In our multipoint mapping methods, we assume that haplotype-block boundaries have been identified. There are many ways to define a haplotype block, and we are interested in the question of whether our multipoint mapping method is robust to different haplotype-block definitions. To answer this question, we considered six different haplotype-block definitions: PD (pairwise D′)² is based on the pairwise D′ value and the estimated recombination rates between adjacent sites, MDB (MDBlocks)¹² is based on the minimum-description-length principle, htSNP¹ aims to minimize the total number of SNPs needed to represent the common haplotypes in the whole region, and DB (diversity-based) is based on a haplotype diversity measure (see the Clayton Web site). As a complement to these more principled block-boundary methods, we present two simplistic methods, EQ10 and EQ20, which simply put block boundaries every ∼10 SNPs and every ∼20 SNPs, respectively. In particular, with 103 SNPs in the region of interest, EQ10 puts 10 SNPs in each of the first nine blocks and 13 SNPs in the 10th block, whereas EQ20 puts 20 SNPs in each of the first four bocks, 10 SNPs in the 5th block, and 13 SNPs in the 6th block. (We tried combining the 5th and 6th blocks, but the resulting high level of haplotype diversity resulted in slower computations.) Table 7 lists the block boundaries from those six methods. The block boundaries resulting from the application of the PD, MDB, htSNP, and DB methods to the CD data set² have been reported elsewhere.²^,¹²

Table 7. .

Haplotype-Block Boundaries, with Different Methods, for the CD Data Set²

Method	No. of Blocks	Block Boundaries
PD^a	11	8–9, 14–15, 24, 35, 40, 45, 76–77, 84–85, 91, 98
MDB¹² ^b	11	8, 14, 24, 36, 47, 57, 76, 86, 91, 98
htSNP^b	10	8, 9, 11, 24, 40, 63, 80, 82, 91
DB^c	5	24, 44, 77, 88
EQ10^d	10	10, 20, 30, 40, 50, 60, 70, 80, 90
EQ20^e	6	20, 40, 60, 80, 90

Open in a new tab

Based on the pairwise D′ value and the estimated recombination rates between adjacent sites.² The blocks are not strictly adjacent, and four markers (i.e., 9, 15, 77, and 85) do not belong to any block.
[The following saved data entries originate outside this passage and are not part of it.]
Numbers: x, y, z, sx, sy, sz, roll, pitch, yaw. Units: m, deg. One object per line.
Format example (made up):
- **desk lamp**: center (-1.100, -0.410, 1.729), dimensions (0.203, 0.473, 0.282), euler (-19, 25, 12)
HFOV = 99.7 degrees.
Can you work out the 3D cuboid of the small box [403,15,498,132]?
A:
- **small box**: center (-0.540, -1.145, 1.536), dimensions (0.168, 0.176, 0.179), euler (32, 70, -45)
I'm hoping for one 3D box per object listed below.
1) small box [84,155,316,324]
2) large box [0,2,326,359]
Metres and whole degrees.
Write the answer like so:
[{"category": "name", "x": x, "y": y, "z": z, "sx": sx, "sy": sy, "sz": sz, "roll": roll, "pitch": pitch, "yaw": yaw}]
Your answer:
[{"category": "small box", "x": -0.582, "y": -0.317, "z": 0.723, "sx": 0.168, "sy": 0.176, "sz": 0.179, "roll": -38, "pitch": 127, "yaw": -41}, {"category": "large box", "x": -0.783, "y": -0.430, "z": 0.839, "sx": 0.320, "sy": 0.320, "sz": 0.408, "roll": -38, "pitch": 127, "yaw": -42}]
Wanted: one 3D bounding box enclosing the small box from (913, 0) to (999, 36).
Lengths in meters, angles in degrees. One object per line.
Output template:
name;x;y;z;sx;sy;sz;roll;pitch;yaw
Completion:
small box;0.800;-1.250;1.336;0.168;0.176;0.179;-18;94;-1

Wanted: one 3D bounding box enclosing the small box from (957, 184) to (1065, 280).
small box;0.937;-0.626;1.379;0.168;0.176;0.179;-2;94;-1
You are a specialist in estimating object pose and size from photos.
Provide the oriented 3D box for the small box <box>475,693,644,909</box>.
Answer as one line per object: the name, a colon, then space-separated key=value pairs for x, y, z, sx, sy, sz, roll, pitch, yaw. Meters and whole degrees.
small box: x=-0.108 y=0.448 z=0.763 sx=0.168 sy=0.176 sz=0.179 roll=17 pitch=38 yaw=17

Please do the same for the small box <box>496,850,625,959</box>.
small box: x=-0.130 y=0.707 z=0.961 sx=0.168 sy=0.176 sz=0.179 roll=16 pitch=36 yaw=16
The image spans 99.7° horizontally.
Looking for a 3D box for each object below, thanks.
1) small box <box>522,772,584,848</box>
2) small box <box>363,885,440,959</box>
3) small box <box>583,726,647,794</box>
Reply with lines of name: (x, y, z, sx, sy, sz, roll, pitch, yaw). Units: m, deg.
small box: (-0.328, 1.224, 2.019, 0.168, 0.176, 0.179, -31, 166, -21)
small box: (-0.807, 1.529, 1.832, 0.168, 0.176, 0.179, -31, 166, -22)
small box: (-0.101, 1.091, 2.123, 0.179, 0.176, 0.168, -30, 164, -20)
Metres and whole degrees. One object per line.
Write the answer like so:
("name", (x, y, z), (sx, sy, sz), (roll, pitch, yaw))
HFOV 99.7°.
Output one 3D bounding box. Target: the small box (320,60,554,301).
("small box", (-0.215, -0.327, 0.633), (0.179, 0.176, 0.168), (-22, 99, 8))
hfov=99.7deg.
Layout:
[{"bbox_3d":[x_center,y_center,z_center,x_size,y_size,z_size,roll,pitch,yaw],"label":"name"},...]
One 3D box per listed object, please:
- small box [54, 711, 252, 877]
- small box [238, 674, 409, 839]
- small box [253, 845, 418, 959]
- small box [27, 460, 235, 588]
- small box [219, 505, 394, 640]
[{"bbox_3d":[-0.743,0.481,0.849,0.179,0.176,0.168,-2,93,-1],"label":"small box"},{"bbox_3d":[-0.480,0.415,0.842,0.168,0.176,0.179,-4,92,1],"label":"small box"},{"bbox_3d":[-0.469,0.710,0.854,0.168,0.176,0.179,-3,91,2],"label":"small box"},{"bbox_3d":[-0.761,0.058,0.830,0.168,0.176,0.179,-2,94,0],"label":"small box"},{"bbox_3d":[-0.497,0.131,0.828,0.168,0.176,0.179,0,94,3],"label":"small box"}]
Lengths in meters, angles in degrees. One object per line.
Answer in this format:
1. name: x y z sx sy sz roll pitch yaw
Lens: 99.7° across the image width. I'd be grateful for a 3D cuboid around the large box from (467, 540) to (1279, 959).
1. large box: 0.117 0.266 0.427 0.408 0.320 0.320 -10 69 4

Based on htSNP criterion¹ in the Hapblock⁸ program.

Based on haplotype diversity (see the Clayton Web site) in Hapblock⁸ program.

Every 10 consecutive markers are grouped as a block, and the last block has 13 markers.

The first four blocks each have 20 markers, the fifth block has 10 markers, and the last block has 13 markers.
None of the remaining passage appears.